20 October 2021: The concept of a Cluster API driver is introduced in the Yoga cycle Magnum Project Teams Gathering (PTG).
26 October 2021: An empty proof-of-concept Cluster API driver is submitted by John Garbutt to the Magnum codebase. A lot of community interest is generated. Work proceeds (albeit slowly) through 2022.
12 January 2022: To follow the open design process, a spec is drafted and uploaded for review. The community reviews it, but we all have busy lives and in some cases months pass between reviews and responses. It takes a year to get approved.
19 October 2022: Further discussion on the driver's (slow) progress at the Antelope PTG.
12 December 2022: The team at VexxHost announce an independently-developed Cluster API driver, release as a third-party out-of-tree Magnum driver.
6 January 2023: The team from StackHPC combines with the team from VexxHost to submit a joint presentation for the Open Infra summit in Vancouver - and it is accepted!
14 June 2023: The presentation is delivered at the Vancouver summit by Matt Pryor from StackHPC and Mohammed Naser from Vexxhost. The presentation covers some implementation differences and similarities between the two drivers. Still two drivers, being developed largely as separate efforts - could they be reconciled?

October 2023: Further discussion among the Magnum team at the Caracal PTG. Discussion at this phase is about how to reconcile two alternative Cluster API driver implemmentations, and how to avoid conflict between them.
January 2024: After much deliberation and effort at reducing driver conflict within the Magnum project, spanning several PTG sessions, it is decided to merge the in-tree driver whose development was led by StackHPC into the Magnum codebase. This will happen in the Dalmatian release cycle, landing in Q4 2024.

Anatomy of a Cluster API driver

Historically, Magnum has deployed Kubernetes clusters in a bespoke manner, with cluster infrastructure provisioned using OpenStack Heat and then configured using custom scripts.

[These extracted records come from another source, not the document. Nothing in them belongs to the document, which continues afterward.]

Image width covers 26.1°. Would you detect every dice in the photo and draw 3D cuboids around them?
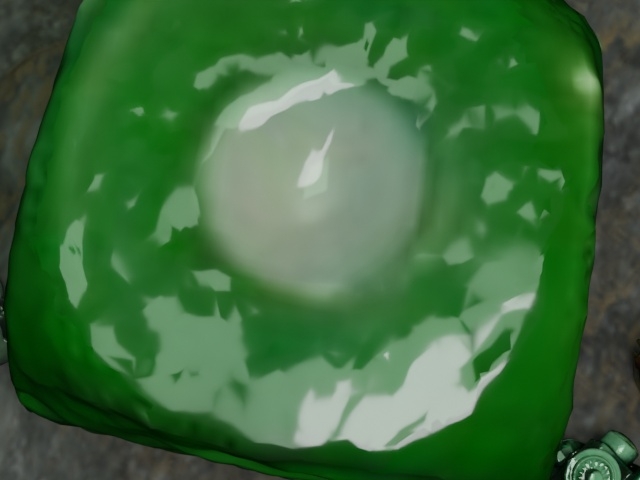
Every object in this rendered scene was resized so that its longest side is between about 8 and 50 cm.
[{"bbox_3d":[0.000,0.000,0.807,0.297,0.300,0.287,10,80,5],"label":"dice"}]

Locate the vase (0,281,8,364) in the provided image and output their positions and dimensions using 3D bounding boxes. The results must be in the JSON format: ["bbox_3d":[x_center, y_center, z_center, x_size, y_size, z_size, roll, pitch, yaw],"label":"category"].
[{"bbox_3d":[-0.269,0.086,0.917,0.148,0.081,0.081,-36,83,2],"label":"vase"}]

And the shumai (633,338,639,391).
[{"bbox_3d":[0.281,0.065,0.856,0.153,0.161,0.209,-24,100,-4],"label":"shumai"}]

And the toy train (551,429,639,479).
[{"bbox_3d":[0.152,0.206,0.888,0.178,0.071,0.104,-45,94,-5],"label":"toy train"}]

Over time this home-brewed approach has become a maintenance burden for the open source developers of Magnum, and as a result Magnum can be slow to support new Kubernetes versions.

Cluster API, on the other hand, is an active Kubernetes project supported by the Cluster Lifecycle SIG with a significant and broad community. Cluster API comprises a set of Kubernetes operators that provide declarative APIs for provisioning, upgrading and operating Kubernetes clusters on a variety of infrastructures, of which OpenStack is one. This is accomplished by having a core API for defining clusters that calls out to infrastructure providers to provision cloud infrastructure such as networks, routers, load balancers and machines. Once provisioned by the infrastructure provider, the machines themselves are turned into a Kubernetes cluster using kubeadm, the standard upstream tool for creating Kubernetes clusters. Auto-healing and auto-scaling are also supported using infrastructure-agnostic code that is maintained as part of the upstream project.

StackHPC, with contributions from Catalyst Cloud, have created a Magnum driver that provisions Kubernetes clusters by creating and updating Cluster API resources as an alternative to the standard Heat-based driver. Using Cluster API via Magnum in this way has two major advantages:

Magnum becomes a wrapper around deployment tools that are officially supported and maintained upstream. This reduces the amount of Magnum-specific code that needs to be maintained and allows us to easily support new Kubernetes versions as they become available.

Users can benefit from the features of Cluster API without having to change their existing Magnum workflows - for instance, the OpenStack CLI and Magnum Terraform modules will continue to work with the new driver.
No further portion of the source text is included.